What to do
Between the line containing "extrude(amount=-EXTRUDE_4_DEPTH)" and the line containing "ThreePointArc((-2.5, 58.5), (0, 56), (2.5, 58.5))" lies a run of lines; give that run again exactly, with both of those lines, and nothing else from the entries below.

Information
————

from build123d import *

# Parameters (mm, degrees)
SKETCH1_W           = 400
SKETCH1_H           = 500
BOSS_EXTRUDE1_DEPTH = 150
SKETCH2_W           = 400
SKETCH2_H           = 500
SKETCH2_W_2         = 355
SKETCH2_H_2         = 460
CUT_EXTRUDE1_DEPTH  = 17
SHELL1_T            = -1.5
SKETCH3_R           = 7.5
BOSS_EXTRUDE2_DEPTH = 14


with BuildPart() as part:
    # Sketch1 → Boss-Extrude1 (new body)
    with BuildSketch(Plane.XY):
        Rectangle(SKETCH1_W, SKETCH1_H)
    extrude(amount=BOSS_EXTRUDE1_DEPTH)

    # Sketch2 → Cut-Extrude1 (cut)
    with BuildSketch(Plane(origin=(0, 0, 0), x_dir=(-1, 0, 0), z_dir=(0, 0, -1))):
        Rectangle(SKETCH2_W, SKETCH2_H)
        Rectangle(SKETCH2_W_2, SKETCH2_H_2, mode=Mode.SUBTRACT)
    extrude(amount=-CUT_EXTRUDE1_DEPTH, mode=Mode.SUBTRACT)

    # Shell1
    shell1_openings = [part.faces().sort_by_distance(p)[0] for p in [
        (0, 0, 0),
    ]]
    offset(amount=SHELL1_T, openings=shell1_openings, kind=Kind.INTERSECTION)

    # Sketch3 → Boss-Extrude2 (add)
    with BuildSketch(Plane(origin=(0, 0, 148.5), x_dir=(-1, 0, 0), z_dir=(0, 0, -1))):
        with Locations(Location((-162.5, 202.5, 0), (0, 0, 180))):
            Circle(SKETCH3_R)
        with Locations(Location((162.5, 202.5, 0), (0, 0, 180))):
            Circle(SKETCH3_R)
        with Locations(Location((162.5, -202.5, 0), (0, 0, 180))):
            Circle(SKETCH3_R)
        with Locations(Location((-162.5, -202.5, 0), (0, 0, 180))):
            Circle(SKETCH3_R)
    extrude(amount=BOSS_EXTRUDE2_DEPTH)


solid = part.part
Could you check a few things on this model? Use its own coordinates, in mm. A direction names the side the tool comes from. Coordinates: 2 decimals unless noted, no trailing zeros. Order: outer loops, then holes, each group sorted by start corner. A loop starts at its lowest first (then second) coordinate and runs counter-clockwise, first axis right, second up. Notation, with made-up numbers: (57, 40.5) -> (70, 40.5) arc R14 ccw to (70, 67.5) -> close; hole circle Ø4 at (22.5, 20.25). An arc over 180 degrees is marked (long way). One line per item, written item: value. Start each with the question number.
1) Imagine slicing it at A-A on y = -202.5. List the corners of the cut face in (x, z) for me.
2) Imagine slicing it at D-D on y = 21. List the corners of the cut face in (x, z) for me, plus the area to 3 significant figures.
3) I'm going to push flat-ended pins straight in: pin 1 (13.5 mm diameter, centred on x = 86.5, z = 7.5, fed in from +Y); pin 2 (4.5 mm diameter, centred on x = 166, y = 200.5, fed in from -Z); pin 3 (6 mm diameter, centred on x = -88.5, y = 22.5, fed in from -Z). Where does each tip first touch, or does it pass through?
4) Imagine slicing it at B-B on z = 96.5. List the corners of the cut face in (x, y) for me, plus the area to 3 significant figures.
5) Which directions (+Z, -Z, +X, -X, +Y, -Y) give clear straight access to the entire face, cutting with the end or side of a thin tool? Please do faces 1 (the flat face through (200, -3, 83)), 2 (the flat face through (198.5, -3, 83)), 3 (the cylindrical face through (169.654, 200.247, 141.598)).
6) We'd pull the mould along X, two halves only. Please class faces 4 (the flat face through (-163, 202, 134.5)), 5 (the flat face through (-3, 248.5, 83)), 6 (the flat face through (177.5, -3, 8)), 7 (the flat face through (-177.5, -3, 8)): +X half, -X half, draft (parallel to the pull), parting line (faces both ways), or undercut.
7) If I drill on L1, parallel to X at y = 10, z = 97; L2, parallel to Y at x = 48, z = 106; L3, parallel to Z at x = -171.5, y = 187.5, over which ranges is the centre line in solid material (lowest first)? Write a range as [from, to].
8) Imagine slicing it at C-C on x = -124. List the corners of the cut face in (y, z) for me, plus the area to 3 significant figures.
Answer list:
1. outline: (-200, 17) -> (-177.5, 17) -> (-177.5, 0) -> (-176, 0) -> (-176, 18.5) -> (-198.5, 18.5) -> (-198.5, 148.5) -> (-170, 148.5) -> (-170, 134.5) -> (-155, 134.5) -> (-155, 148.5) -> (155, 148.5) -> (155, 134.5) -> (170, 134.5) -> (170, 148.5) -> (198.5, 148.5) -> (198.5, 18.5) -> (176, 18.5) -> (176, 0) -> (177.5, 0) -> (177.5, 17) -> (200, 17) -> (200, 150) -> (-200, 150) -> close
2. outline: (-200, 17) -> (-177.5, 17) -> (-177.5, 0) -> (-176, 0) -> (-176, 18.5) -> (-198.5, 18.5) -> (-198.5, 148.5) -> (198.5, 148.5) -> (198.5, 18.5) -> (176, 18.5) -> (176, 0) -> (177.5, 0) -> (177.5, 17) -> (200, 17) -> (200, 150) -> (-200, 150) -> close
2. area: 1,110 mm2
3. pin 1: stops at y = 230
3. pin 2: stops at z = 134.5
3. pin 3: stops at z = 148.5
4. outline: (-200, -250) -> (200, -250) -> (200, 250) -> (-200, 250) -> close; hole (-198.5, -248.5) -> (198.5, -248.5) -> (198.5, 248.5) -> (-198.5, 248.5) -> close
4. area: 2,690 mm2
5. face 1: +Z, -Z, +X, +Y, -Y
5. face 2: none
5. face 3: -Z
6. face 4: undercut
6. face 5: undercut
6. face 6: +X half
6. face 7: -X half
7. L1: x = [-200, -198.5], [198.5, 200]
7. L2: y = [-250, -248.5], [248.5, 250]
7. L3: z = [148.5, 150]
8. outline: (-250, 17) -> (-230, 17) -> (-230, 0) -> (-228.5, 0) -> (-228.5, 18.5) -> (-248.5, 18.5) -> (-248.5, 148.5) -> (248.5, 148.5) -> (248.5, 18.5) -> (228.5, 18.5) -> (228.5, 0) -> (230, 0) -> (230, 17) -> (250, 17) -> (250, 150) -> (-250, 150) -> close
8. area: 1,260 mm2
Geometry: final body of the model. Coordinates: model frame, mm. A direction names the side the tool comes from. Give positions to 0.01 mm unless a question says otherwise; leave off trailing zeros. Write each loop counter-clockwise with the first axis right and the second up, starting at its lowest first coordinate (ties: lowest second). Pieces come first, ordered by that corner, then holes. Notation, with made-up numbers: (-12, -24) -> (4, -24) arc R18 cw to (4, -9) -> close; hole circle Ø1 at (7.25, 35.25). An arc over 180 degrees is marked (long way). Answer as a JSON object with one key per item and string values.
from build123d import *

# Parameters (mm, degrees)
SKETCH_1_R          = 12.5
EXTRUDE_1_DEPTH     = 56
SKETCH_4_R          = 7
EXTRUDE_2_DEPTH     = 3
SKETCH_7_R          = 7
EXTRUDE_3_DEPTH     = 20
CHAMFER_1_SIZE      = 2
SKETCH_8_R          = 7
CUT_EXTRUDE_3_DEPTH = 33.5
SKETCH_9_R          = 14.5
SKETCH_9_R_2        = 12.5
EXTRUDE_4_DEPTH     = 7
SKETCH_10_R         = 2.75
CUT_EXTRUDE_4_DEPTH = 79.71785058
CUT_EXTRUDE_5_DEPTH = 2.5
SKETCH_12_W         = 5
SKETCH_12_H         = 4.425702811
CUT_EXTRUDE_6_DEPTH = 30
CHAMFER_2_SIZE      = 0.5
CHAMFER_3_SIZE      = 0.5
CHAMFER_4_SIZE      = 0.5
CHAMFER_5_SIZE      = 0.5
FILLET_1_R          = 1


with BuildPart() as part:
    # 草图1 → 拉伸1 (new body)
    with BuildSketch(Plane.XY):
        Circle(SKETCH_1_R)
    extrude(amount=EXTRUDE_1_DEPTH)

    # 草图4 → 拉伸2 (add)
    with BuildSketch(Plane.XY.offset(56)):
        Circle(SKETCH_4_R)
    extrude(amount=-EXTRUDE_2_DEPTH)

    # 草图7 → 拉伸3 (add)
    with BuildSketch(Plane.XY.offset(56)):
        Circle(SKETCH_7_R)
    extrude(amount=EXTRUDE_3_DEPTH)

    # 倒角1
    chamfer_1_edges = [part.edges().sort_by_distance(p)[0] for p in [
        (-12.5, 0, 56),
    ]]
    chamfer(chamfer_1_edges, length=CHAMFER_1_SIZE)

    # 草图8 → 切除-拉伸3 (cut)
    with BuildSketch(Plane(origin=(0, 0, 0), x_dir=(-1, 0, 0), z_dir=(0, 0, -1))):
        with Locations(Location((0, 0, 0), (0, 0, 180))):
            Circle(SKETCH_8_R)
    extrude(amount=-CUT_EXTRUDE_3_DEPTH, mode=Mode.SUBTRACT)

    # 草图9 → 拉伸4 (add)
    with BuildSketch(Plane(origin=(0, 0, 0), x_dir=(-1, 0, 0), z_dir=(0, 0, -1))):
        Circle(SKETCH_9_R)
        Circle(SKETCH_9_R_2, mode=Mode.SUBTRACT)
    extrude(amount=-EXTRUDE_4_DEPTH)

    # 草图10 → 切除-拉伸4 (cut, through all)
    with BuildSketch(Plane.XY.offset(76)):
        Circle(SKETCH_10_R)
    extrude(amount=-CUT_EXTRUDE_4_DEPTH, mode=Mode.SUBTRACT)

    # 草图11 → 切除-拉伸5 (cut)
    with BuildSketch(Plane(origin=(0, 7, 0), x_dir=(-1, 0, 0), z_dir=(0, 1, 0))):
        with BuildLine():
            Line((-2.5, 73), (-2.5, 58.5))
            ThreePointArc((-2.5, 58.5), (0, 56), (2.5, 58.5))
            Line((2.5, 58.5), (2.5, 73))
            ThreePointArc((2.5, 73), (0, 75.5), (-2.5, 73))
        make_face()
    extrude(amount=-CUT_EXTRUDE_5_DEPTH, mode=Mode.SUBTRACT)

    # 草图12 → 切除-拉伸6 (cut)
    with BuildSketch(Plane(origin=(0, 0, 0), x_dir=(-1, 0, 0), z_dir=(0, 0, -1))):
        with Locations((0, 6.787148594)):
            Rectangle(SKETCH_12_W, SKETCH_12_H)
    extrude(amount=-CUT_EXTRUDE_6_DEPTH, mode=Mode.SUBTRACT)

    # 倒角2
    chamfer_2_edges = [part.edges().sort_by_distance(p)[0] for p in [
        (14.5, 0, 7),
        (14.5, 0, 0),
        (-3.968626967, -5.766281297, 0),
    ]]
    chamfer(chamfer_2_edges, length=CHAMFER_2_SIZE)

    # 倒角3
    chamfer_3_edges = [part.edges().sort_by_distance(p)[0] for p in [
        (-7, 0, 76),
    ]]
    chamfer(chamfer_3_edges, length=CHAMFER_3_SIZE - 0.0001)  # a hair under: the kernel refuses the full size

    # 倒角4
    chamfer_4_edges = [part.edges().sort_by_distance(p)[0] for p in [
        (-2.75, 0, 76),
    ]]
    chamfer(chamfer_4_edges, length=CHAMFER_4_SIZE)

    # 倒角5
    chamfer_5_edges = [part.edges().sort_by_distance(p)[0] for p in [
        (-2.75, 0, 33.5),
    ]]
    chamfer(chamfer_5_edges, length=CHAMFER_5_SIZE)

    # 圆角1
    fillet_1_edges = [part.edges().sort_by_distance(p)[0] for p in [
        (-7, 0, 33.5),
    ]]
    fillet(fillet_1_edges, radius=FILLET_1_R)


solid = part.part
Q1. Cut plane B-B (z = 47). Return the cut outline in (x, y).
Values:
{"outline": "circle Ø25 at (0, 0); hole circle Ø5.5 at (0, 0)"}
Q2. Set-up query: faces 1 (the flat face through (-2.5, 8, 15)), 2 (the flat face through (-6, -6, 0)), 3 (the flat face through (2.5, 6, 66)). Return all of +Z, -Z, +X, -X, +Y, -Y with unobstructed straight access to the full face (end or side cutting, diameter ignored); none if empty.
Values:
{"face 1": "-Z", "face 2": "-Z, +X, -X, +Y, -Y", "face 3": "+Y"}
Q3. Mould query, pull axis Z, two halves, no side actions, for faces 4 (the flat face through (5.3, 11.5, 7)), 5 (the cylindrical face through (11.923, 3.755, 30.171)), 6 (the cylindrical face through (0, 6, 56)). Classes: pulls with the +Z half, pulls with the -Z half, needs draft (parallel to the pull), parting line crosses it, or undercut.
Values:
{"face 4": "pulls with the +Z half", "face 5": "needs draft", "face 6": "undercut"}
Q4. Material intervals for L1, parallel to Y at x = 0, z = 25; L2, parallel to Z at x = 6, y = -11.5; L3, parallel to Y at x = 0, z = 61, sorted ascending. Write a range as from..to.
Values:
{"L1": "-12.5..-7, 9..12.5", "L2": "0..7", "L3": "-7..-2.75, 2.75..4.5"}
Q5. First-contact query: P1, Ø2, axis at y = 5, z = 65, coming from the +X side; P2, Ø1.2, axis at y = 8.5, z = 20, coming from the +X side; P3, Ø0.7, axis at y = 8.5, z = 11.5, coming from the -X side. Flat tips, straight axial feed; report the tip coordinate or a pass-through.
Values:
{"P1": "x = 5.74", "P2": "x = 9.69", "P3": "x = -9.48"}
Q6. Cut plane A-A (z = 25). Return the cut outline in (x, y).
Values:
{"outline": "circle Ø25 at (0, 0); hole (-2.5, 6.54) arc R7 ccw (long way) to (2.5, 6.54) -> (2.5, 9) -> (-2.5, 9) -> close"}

————

Written response
    extrude(amount=-EXTRUDE_4_DEPTH)

    # 草图10 → 切除-拉伸4 (cut, through all)
    with BuildSketch(Plane.XY.offset(76)):
        Circle(SKETCH_10_R)
    extrude(amount=-CUT_EXTRUDE_4_DEPTH, mode=Mode.SUBTRACT)

    # 草图11 → 切除-拉伸5 (cut)
    with BuildSketch(Plane(origin=(0, 7, 0), x_dir=(-1, 0, 0), z_dir=(0, 1, 0))):
        with BuildLine():
            Line((-2.5, 73), (-2.5, 58.5))
            ThreePointArc((-2.5, 58.5), (0, 56), (2.5, 58.5))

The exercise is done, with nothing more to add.